When I hear self-described leftists arguing that the Democratic Party is the lesser of two evils, I am reminded of how profoundly contemporary leftwing thought retards class consciousness and the capacity to reckon the situation. The Democratic Party is the greater evil. The Republican Party, still the party of big business, is the large-scale political apparatus most open to working class politics. It matters less whether it’s left or right wing. It matters that, whatever the name of the party, that is democratic-republican and liberal in its support for the principles of equality and liberty. It is to be expected that the elitist progressive looks down her nose at the working class and rural voters who see in the Republican Party the only apparatus responsive to their interests and values. The progressive attitude towards working people exudes pity and contempt for ordinary Americans, whom they see as backwards and bigoted—rubes who, as Obama put it, cling to God and guns.
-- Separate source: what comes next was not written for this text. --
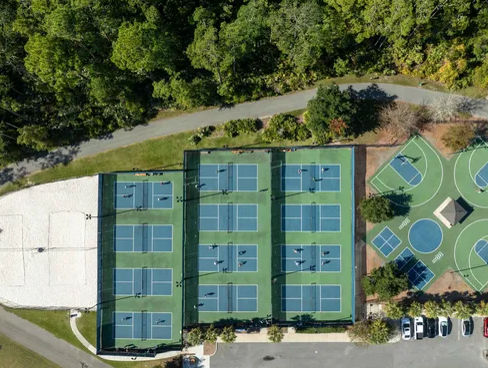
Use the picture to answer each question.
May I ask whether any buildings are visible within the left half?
No
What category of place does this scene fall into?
sports ground

Part of moving forward requires those who identify as leftists pulling their heads from that space.
This means recognizing the threat of corporate governance, something Marxists used to be good at. It is therefore interesting when prominent Republicans speak out against corporate governance. “From election law to environmentalism to radical social agendas to the Second Amendment, parts of the private sector keep dabbling in behaving like a woke parallel government,” Senator McConnell said yesterday. “Corporations will invite serious consequences if they become a vehicle for far-left mobs to hijack our country from outside the constitutional order.”
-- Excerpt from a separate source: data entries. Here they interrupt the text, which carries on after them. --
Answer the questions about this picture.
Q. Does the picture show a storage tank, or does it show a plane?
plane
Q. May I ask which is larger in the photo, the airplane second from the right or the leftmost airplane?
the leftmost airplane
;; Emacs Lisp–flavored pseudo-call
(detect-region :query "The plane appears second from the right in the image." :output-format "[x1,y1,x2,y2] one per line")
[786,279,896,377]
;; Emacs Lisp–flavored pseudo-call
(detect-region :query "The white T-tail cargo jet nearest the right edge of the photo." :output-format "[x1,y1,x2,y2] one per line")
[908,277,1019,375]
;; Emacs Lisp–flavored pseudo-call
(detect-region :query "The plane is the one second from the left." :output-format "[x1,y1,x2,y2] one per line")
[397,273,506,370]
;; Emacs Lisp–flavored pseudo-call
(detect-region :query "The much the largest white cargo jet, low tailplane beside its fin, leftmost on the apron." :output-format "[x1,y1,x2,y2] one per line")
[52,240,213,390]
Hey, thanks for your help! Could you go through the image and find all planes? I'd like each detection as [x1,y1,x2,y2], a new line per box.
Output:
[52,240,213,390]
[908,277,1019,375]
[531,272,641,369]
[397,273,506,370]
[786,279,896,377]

I wouldn’t describe corporate governance as a “far-left mob.” However, I understand why McConnell would given that corporations funds are useful to the Republican Party. Moreover, the rhetoric of the woke corporate administrators is drawn from far-left ideology, including neo-Marxist doctrines. The senator has to be careful not to alienate sources of funding. But it’s clear what he is talking about when he accused the private sector of behaving as a parallel government. However the manner in which McConnell said this, it is promising that he raised the issue. This is the real danger to our republic. It’s bad enough that corporations would influence legislation and public policy via their money power. But openly colluding and acting to undermine the legitimacy of the federal or state governments and acting as if a corporation is a legitimate government agency of these territories presents a clear and present danger to national integrity.
Economic nationalism is the solution to the problems of the working class. Close the borders and marginalize China. Dismantle corporate governance. The functionaries of the corporate establishment understand this. Suppressing populism is imperative. This is why conservative and liberal voices are being systematically silenced across the mediascape. This is why a prominent establishment Republican would be moved to absurdly characterize MAGA as neo-Marxist. The rhetoric signals fear and desperation.